By Nuria Martinez-Keel, Oklahoma Voice
OKLAHOMA CITY — U.S. Secretary of Education Linda McMahon on Tuesday didn’t rule out a plan to end statewide standardized testing in Oklahoma during a local visit focused on limiting federal involvement in public education.
McMahon, whom President Donald Trump tasked with closing the U.S. Department of Education, said she’s “very happy to sit down with any state” to discuss new policy ideas.
“We want to give them the most flexibility that we can give them to operate within their state,” McMahon said while speaking with reporters at the state Capitol. “So, we’re happy to sit down in Oklahoma or other states that we’ve already sat down with to push those programs along.”
However, she said the proposal from state Superintendent Ryan Walters to replace statewide tests with a mixture of district-selected assessments still “has not gone through all the different steps that it needs” to gain federal approval.
Walters wasn’t present for McMahon’s visit despite being a vocal supporter of the Trump administration. She said meeting with him wasn’t on her schedule Tuesday.
Instead, McMahon joined Gov. Kevin Stitt and former House Speaker Charles McCall, now a gubernatorial candidate, for a tour of Dove Science Academy, a high-performing charter school with a new campus in Warr Acres. Once allies, Stitt and Walters have been publicly at odds with each other for the past six months.
Dove high school students demonstrated robots they had built and coded, flew drones and tested virtual reality software, even having a remote-controlled robot dog give McMahon a handshake. U.S. News and World Report on Tuesday ranked Dove Science Academy as the No. 3 high school in the state, behind Classen High School of Advanced Studies and Harding Charter Preparatory High School, both in Oklahoma City.
McMahon later accompanied Stitt at the state Capitol as the governor signed a bill prohibiting diversity, equity and inclusion programs from higher education institutions, another major policy goal of the Trump administration.
“I think Oklahoma should be very proud of what I’ve seen this morning,” McMahon said.
Oklahoma was the latest stop in McMahon’s 50-state “Returning Education to the States Tour,” which started earlier this month in Louisiana.
The tour has highlighted McMahon’s goal of cutting federal regulations and giving individual states more authority and flexibility in how they operate their public school systems. Last month, the U.S. Supreme Court cleared the way for the Trump administration to proceed with mass layoffs and downsizing at the federal Department of Education.
The administration has proposed sending federal funds in large block grants that individual states could decide how to spend.
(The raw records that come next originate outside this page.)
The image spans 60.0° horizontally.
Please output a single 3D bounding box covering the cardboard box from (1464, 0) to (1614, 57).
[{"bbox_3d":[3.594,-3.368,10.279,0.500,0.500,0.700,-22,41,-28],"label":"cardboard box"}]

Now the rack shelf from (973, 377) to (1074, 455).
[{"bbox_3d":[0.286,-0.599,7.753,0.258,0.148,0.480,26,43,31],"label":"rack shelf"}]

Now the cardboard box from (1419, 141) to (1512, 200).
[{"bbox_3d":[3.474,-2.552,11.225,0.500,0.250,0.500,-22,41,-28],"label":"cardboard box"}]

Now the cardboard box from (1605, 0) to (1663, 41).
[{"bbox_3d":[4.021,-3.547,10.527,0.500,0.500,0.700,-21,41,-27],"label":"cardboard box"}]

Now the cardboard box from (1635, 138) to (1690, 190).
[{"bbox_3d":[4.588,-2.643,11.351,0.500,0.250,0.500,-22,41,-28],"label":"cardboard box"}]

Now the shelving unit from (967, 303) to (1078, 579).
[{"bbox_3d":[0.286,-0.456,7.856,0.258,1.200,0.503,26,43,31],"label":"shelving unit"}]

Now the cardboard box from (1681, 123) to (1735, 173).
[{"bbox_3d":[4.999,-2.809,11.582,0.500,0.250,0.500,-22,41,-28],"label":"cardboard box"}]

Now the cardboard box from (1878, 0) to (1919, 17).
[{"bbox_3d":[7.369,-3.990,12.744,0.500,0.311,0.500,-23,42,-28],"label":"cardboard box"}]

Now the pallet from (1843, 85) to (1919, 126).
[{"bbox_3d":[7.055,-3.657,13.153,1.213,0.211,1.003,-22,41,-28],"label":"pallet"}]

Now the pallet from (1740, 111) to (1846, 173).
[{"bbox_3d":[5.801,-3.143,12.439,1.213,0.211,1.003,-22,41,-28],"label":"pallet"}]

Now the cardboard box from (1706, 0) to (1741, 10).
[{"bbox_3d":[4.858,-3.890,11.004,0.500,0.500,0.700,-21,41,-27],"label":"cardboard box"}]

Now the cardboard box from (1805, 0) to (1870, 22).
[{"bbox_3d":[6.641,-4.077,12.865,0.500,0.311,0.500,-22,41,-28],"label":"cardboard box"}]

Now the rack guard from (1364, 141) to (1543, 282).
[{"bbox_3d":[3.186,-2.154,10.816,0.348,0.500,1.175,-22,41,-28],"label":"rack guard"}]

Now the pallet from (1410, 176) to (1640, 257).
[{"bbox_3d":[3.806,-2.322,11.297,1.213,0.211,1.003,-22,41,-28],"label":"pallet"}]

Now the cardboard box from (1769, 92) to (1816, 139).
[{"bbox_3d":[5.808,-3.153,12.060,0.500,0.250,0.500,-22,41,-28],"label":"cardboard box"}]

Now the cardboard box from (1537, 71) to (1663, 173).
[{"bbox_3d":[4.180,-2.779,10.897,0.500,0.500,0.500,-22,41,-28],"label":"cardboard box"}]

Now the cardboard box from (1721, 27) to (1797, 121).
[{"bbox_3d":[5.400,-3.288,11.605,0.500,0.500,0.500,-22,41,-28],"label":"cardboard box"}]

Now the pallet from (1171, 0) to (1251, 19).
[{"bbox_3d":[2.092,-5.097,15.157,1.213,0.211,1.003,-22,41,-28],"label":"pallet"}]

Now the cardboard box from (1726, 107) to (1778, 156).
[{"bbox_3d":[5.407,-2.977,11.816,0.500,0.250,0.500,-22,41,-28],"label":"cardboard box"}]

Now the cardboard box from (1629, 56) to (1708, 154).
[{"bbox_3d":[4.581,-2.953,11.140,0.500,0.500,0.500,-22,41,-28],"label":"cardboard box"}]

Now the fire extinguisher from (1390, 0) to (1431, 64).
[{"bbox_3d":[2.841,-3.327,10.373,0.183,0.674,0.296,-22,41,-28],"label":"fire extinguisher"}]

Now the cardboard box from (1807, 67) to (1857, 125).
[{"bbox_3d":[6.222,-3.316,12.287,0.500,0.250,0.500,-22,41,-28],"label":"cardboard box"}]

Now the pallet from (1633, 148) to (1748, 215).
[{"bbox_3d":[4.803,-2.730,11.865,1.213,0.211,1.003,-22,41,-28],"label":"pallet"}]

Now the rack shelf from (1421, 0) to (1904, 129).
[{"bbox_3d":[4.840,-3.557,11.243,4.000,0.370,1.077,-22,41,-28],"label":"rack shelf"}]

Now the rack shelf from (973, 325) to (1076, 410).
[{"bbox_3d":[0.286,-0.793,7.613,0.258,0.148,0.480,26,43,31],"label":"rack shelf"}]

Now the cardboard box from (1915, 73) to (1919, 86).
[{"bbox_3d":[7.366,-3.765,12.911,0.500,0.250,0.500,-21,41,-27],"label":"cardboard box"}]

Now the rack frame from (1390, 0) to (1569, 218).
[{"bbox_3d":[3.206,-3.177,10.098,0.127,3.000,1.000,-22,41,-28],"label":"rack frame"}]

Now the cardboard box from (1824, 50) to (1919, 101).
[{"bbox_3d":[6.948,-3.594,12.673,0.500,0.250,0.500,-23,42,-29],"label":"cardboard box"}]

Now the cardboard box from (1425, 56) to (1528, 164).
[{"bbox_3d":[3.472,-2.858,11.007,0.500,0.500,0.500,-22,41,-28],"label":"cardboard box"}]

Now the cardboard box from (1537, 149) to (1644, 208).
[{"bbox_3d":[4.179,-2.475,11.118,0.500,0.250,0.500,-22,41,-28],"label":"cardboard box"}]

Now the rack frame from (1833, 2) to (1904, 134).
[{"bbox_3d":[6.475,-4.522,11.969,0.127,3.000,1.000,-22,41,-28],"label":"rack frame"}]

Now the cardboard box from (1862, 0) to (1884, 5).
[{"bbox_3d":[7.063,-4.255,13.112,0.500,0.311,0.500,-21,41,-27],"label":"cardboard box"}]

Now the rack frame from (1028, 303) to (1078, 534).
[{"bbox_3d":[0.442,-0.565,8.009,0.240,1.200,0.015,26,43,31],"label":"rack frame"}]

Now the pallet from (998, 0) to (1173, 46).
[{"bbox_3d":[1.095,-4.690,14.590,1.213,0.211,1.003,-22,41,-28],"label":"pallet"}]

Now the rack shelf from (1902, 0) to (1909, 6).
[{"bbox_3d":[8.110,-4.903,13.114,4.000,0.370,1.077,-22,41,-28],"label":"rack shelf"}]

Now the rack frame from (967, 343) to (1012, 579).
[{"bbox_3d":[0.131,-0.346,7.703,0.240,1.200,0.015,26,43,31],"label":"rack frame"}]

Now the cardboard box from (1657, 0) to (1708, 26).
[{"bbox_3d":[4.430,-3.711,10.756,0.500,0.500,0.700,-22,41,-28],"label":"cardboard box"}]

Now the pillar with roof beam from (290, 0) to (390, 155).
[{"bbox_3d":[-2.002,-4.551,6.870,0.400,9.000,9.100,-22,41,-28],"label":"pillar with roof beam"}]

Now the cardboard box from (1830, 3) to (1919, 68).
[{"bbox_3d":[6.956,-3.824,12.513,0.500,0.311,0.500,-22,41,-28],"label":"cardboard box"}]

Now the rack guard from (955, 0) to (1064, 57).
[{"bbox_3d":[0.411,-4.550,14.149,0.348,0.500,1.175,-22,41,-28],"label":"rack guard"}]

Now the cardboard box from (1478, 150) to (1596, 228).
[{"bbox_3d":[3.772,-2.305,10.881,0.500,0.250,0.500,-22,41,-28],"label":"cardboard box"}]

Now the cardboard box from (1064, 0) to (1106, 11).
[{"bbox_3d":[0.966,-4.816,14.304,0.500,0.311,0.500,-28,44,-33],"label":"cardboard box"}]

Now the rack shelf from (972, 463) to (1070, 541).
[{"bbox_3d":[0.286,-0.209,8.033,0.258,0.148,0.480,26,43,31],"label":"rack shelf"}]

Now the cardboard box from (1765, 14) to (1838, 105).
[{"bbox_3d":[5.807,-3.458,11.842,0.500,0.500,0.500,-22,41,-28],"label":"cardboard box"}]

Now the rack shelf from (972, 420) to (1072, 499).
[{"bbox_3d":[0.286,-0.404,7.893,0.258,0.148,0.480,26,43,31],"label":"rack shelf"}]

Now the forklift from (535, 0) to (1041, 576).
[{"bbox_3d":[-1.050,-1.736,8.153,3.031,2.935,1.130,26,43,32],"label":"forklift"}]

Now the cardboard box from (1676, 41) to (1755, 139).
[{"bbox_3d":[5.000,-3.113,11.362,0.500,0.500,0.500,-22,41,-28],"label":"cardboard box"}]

Congress would have to agree to any wholesale changes to the federal structure of education funding.
McMahon declined to answer whether she has any concerns over expanding the powers of the Oklahoma State Department of Education, which has been consistently in turmoil under Walters.
Stitt touted policies Oklahoma enacted in recent years that increased facility funds for charter schools, expanded student transfer options, offered tax credits to private-school families and increased state funding for public education overall.
National testing, though, has shown the state as a whole is still struggling to improve its poor academic outcomes.
While Oklahoma has promoted more choices for parents to select their children’s school, Stitt said he is eager for the federal government to grant more flexibility, as well. He said educators and school district administrators have to spend too much time on paperwork that federal programs require.
“That’s, I think, what President Trump wants and what we believe in is let’s get rid of the bureaucracy and let’s get those dollars on target to kids in Oklahoma City and in Enid and in Lawton and all over the country,” Stitt said.